■ Assignment:
Exactly as written, set down each line of the data below except its pictures.

Source records:
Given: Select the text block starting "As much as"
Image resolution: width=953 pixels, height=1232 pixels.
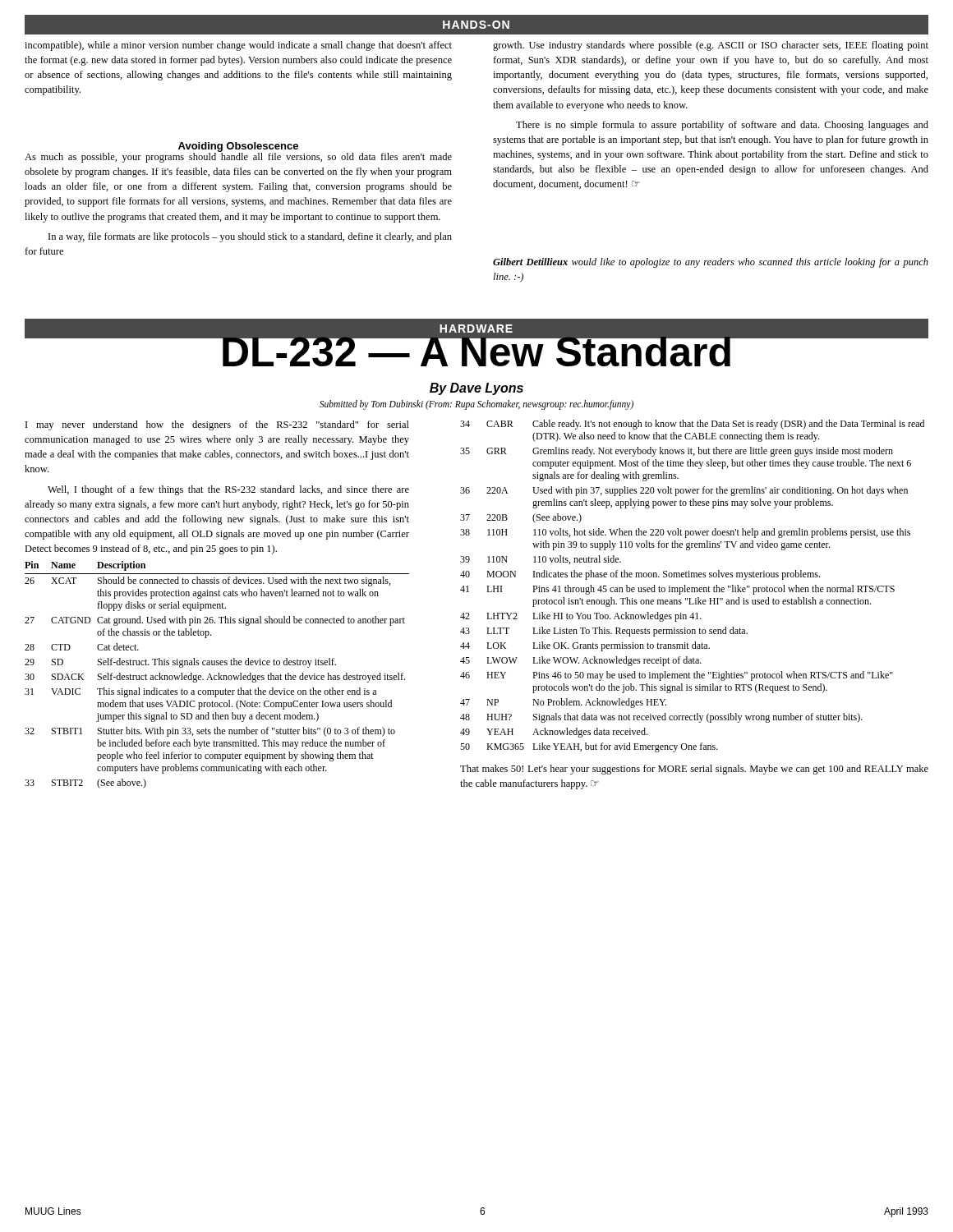Looking at the screenshot, I should [x=238, y=204].
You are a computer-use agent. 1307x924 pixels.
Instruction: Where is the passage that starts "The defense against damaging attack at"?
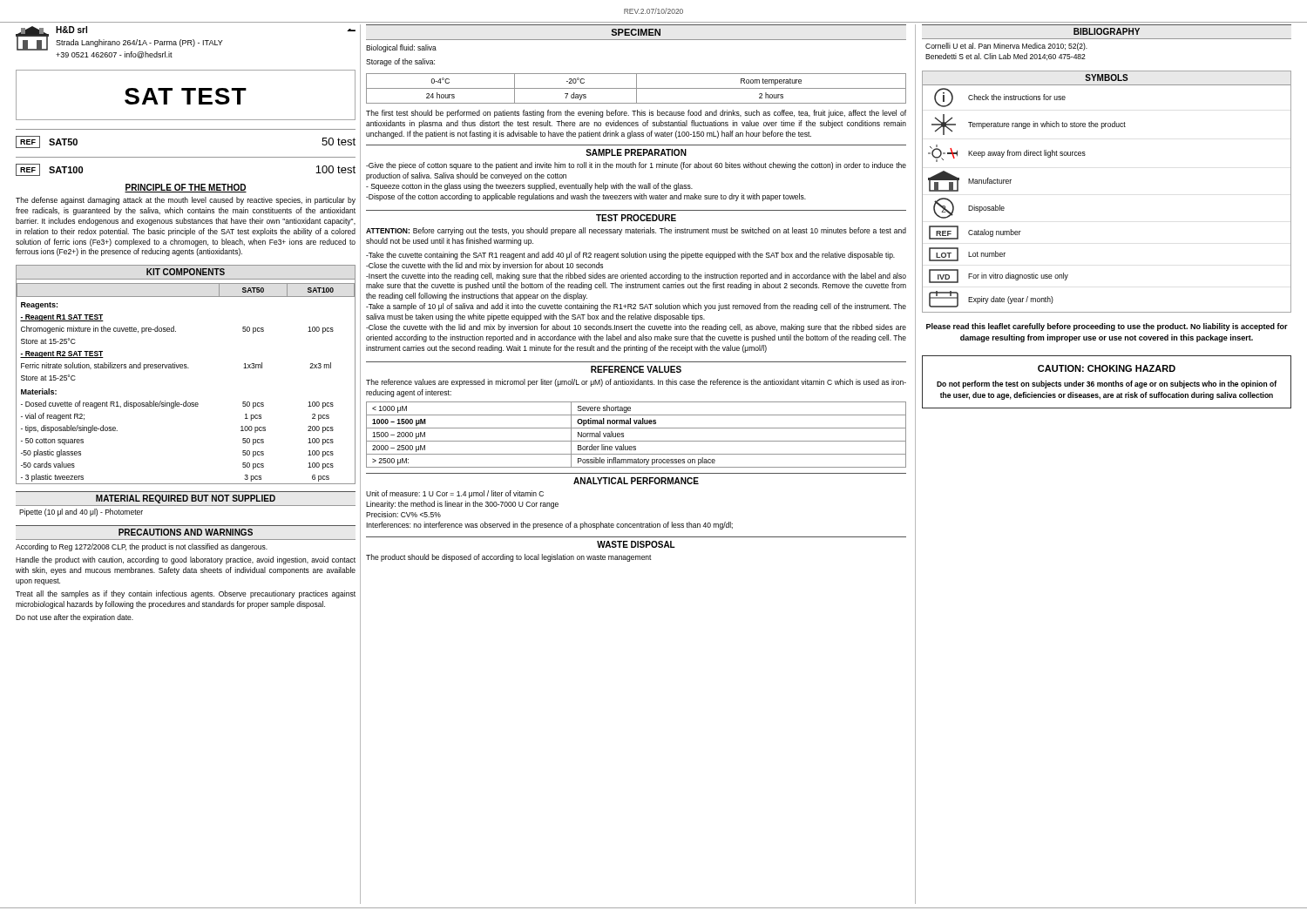(186, 226)

■ Solution to this problem:
Given: Select the text block starting "As much as"
Image resolution: width=953 pixels, height=1232 pixels.
Looking at the screenshot, I should [x=238, y=204].
You are a computer-use agent. 1307x924 pixels.
Instruction: Where is the passage that starts "The defense against damaging attack at"?
(186, 226)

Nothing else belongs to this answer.